It is ironic that Sony, the folks that introduced the first CD player I the US some 18 years ago with the promise of perfect sound forever, are now touting the super audio CD format (SACD) as a means to expand the high-end market. Sony recently introduced the SCD-777ES, its second SACD player, which incorporates most of the key technologies of the Sony reference standard, the SCD-1, at a US retail price of $3,500. Philips and Marantz also announced plans to introduce SACD to the USA in the second quarter of 2000. While Marantz is targeting the high-end market, Philips is targeting a more affordable price point with a SACD player that includes DVD-Video.

The Sony player is able to read the three disc variations associated with the SACD format: a single high-density layer disc; a disc with dual high-density layers for increased recording time, and a hybrid disc that combines a high-density layer and a standard-density (CD) layer. Of course, all standard CD and SACD players will be able to play the hybrid disc. I believe that this is a critical compatibility issue. Ensuring that the standard CD as well as the hybrid CD is compatible with any existing CD player, will give SACD viability in the market place. Although I tend to agree with Telarc’s Robert Wood, who is quoted as saying that SACD represents a staggering improvement over what we have now, the public at large has not been complaining about and clamoring for better CD audio quality. The hybrid CD, at least has a chance of being stocked by mainstream music stores, as it can be played on any of the over 600 million CD players out there, yet has the added value of SACD sound capability. Philips also seems to think so, as they are gearing up hybrid disc production next month, with full production slated for the second quarter of this year at the Sonopress factory in Europe.

The Accuphase Laboratory is scheduled to release its model DP-100 SACD transport this spring. An optional High-Speed Link board will provide a flexible interface capable of accommodating any digital source: SACD (1bit/2.8224 MHz), DVD-Audio (24bit/192 kHz, 24bit/ 96 kHz), and conventional digital standards such as CD, MD and DAT. A matching processor will also be introduced. The DP-100 will also be compatible with the new DP-75V CD player via the HS-Link. The DP-75V is a new generation CD player that uses six 24-bit Delta-Sigma converters per channel in parallel for ultra low distortion and state-of-the-art resolution. For the ultimate in analog and digital integration, you should seriously check out the DC-330 – the world’s first SACD and DVD-Audio ready digital preamp. It offers a wide range of digital and analog input and output boards to allow the user to meet any conceivable digital and analog needs. E-mail info@axiss-usa.com for more information.

An exciting development at the other extreme of the price range is the Perpetual Technologies P-3A DAC. It is priced at $599 and will be available in March - direct to the consumer - at www.perpetualtechnologies.com.
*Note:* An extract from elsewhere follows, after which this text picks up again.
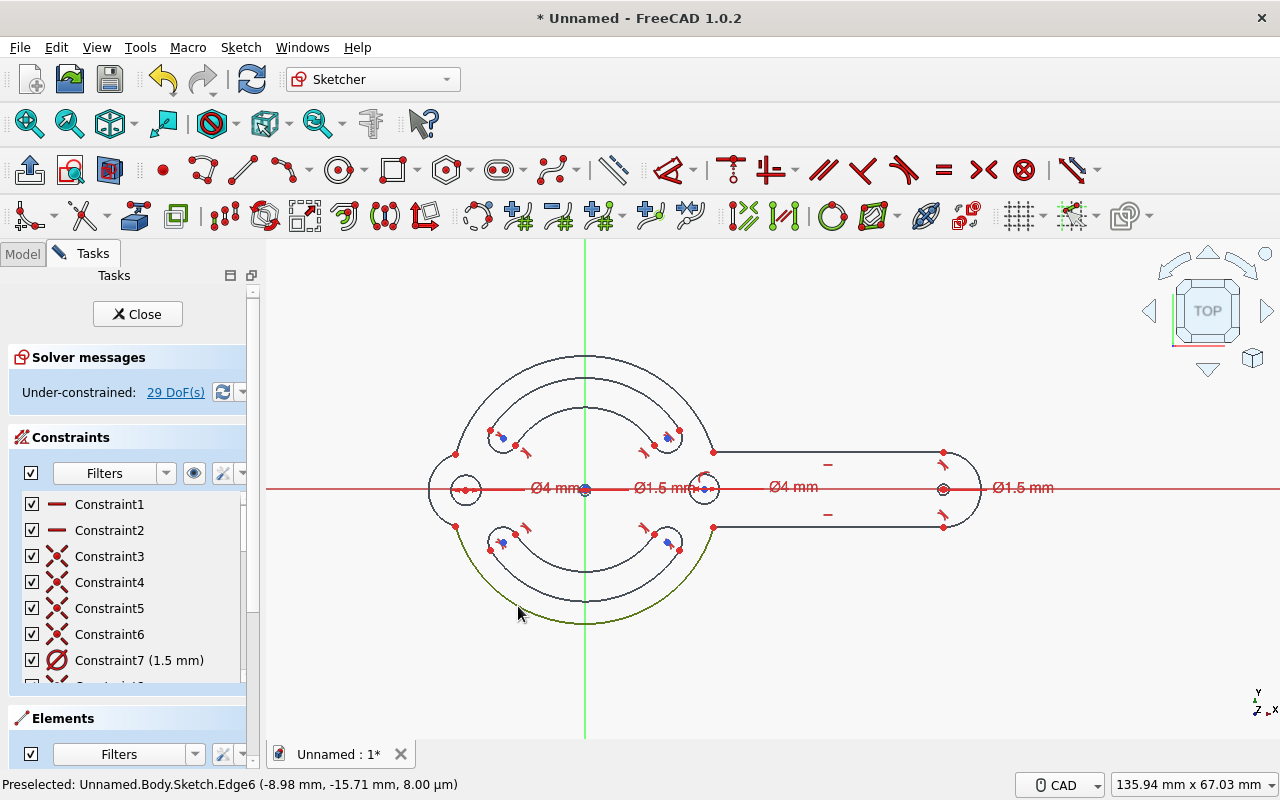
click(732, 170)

The P-3A is said to use the latest Crystal SemiConductor CS4397 chipset, a high-performance 24-bit 44.1/48/96/192 kHz stereo DAC. The output stage is built around a Burr-Brown op-amp operated in class A. According to president Mark L. Schifter, the P-3A represents the best affordable DAC made and he believes that it should compare favorably to units costing $3,000 or $4,000. The Perpetual Technologies P-1A ($950) is an affordable DSP-based correction engine, which in its basic form upgrades the sound of standard CDs to 24-bit/96 kHz resolution by combining a software-based interpolation scheme with hardware-based upsampling. Software upgrades allow more functionality by implementing specific speaker and room corrections.
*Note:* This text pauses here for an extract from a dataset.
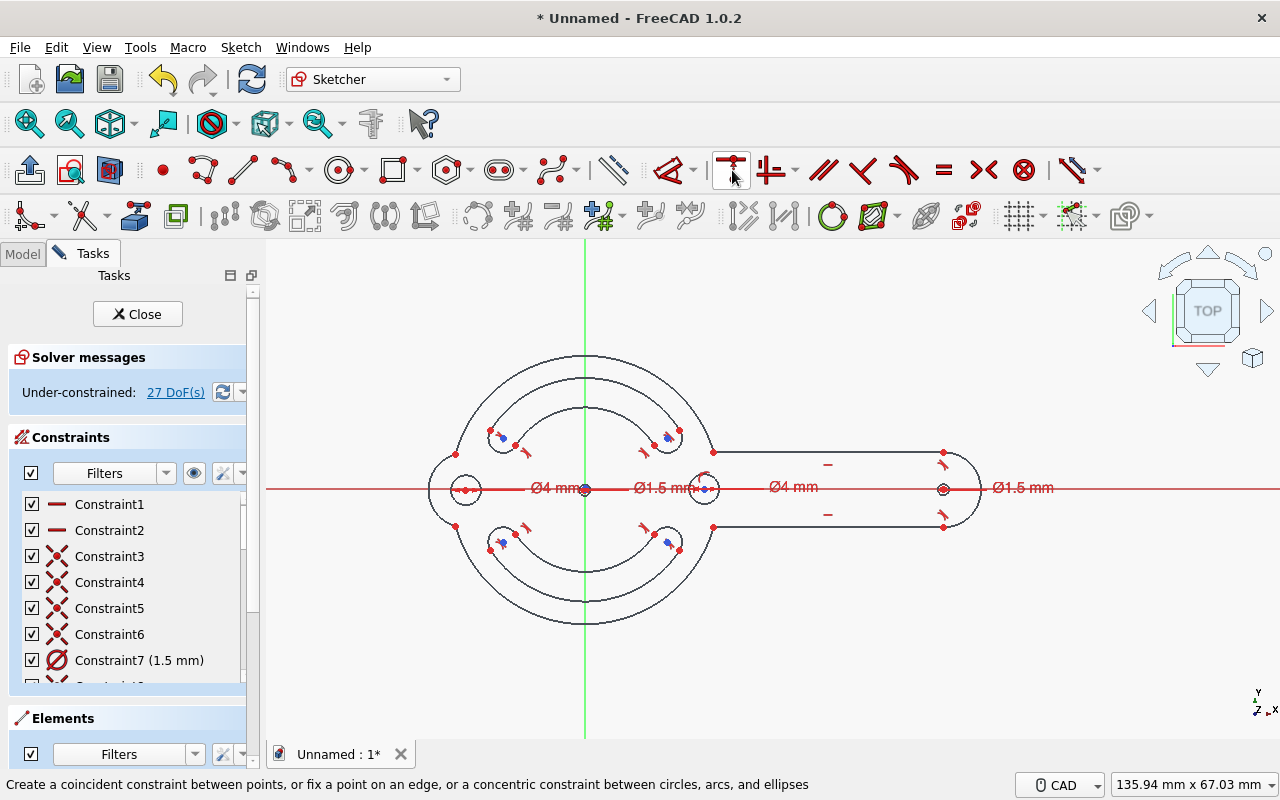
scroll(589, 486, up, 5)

Audio Note UK is creating quite a stir with their Direct from Disc ™ 1xoversampling™ circuit. The name is an intentional oxymoron, and is meant to highlight the fact that their DAC does NOT use a digital filter with oversampling. The claim is that the oversampling, digital filtering and noise shaping everyone is using in their converters hurts sound quality, and according to Audio Note is a major stumbling block for standard 16-bit CD sound. The briefest of auditions convinced me that there is something to this. All I can tell you right now is to stay tuned to Enjoy the Music.com for some startling revelations in the near future.

 

The Renaissance of the Full-Range Driver

In what appears to be a belated resurgence of the full-range driver, several companies showcased minimalist speakers. By that I mean designs that use a single driver over a wide bandwidth, often over the range from 100 Hz to 10 kHz, and usually (but not always) with help from a super tweeter or subwoofer at the frequency extremes. The popularity of the format stems from the realization by a wider audience that even expensive multi-way speakers lack the coherency and dynamics of a good full-range. A case in point is the new Moth Audio loudspeaker, designed by Bruce Edgar, which uses the Reps R-1 full-range driver – Frank Reps’ exquisite version of the Lowther PM2A. The “Pagoda” styling is certainly unique; I personally witnessed a couple of women just go gaga over its exotic looks.

 

 

Here’s Moth Audio’s Craig Uthus beaming over the new 2A3-based power amplifier ($1,695 – output tubes not included) outfitted with the magnificent Vaic tube. Note the curtain in the background. And behind curtain No.1 is hidden Edgar’s gigantic and very industrial bass horn that provides the system’s bass kick below 90 Hz.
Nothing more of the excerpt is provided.